Blick von oben auf die SurfaceTechnology Germany in der Halle 1 des Stuttgarter Messegeländes.

Die SurfaceTechnology GERMANY 2026 ist unter alles andere als einfachen Vorzeichen gestartet. Die Galvano- und Oberflächentechnik steht weiterhin unter erheblichem Druck: schwache Konjunktur, Investitionszurückhaltung, geopolitische Unsicherheiten, steigende regulatorische Anforderungen und hohe Kostenbelastungen prägen die Lage vieler Betriebe. Bereits im Vorfeld hatte Christoph Matheis, Hauptgeschäftsführer des ZVO, darauf hingewiesen, dass das Geschäftsjahr 2025 für viele Unternehmen der Branche erneut sehr schwierig gewesen sei und die Oberflächentechnik als Querschnittstechnologie eng an die weiterhin schwache Gesamtkonjunktur gekoppelt bleibe. Gleichzeitig könne die Messe eine Plattform bieten, um Krisen und Wandel als Chance für unternehmerische Neuausrichtung zu nutzen.

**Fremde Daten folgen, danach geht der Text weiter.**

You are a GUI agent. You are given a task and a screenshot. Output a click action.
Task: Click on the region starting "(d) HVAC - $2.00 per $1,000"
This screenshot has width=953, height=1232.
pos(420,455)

Vor diesem Hintergrund fällt die Bilanz der Veranstaltung bemerkenswert positiv aus. Nach offiziellen Angaben kamen mehr als 4.600 Besucher aus 46 Nationen nach Stuttgart. Der Auslandsanteil lag bei 30 Prozent. Die wichtigsten Besucherländer nach Deutschland waren die Schweiz, die Türkei, Italien, Österreich und Frankreich. Auf Ausstellerseite beteiligten sich mehr als 210 Unternehmen aus 21 Nationen, davon 37 Prozent aus dem Ausland. Nach Deutschland stellten Italien, die Schweiz, die Türkei und China die stärksten Ausstellernationen. Damit konnte die Veranstaltung gegenüber 2022 bei den Besucherzahlen zulegen. Noch wichtiger als die reine Zahl war aus Sicht vieler Aussteller jedoch die Qualität der Gespräche: Wiederholt wurde berichtet, dass die Kontakte konkreter, fachlich tiefer und projektbezogener gewesen seien als bei der vorangegangenen Ausgabe.

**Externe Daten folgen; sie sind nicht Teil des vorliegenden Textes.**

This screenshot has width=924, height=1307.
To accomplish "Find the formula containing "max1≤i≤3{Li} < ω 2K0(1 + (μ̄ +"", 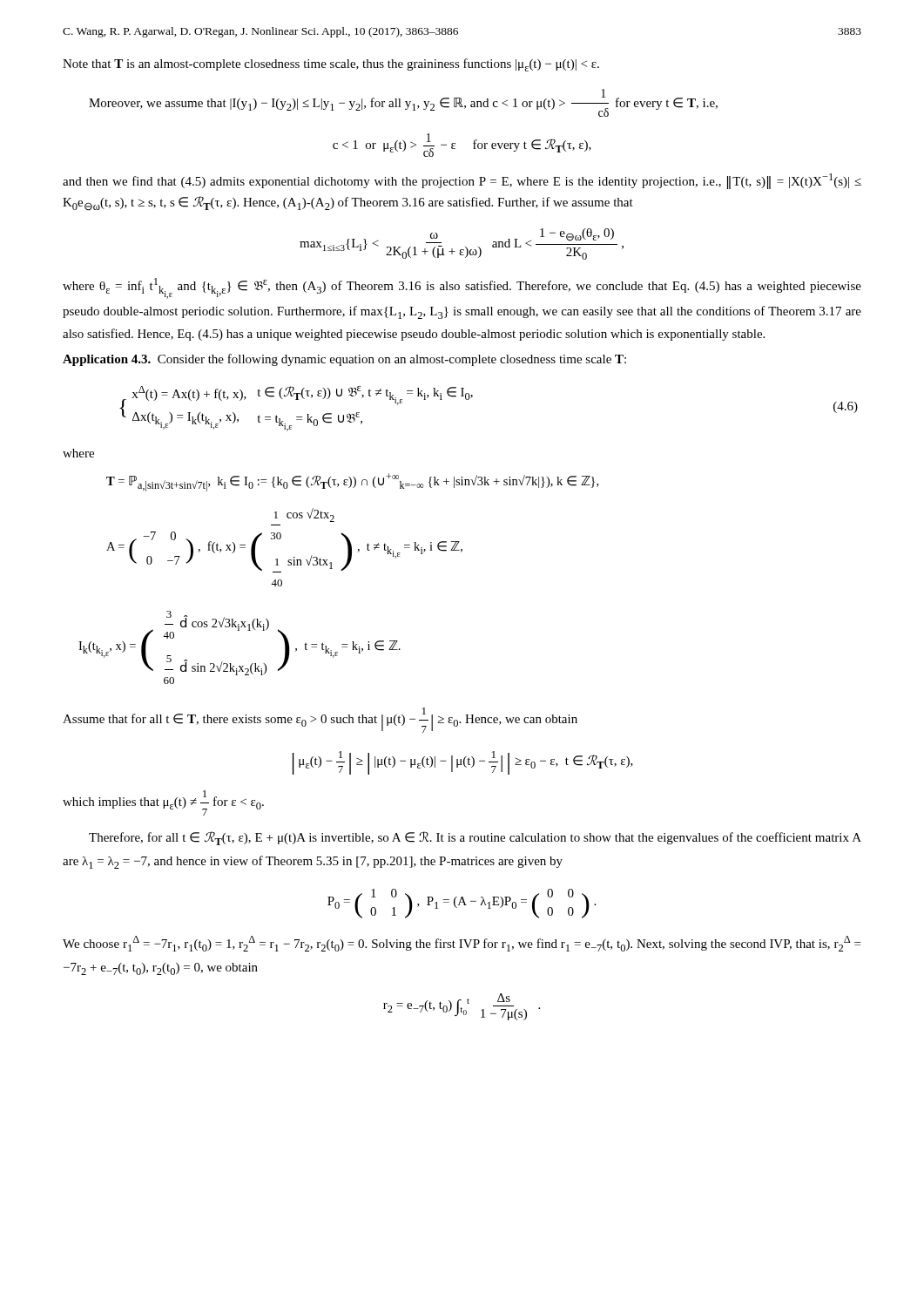I will click(x=462, y=244).

Damit bestätigte sich ein Eindruck, der in vielen Gesprächen auf der Messe spürbar war: Die Branche agiert vorsichtig, aber nicht orientierungslos. Investitionen werden genauer geprüft, Projekte stärker begründet und Entscheidungen länger vorbereitet. Wer nach Stuttgart kam, tat dies häufig mit konkreten technischen Fragestellungen – etwa zur Prozesssicherheit, Energieeffizienz, Automatisierung, Substitution kritischer Stoffe, Digitalisierung oder Kreislaufführung. Gerade deshalb bewerteten viele Aussteller den Messeverlauf als positiv. In einer konjunkturell robusten Phase wären 4.600 Besucher für eine Fachmesse dieser Größe eine solide Kennzahl; unter den aktuellen Bedingungen ist sie jedoch als deutliches Stabilisierungssignal zu werten.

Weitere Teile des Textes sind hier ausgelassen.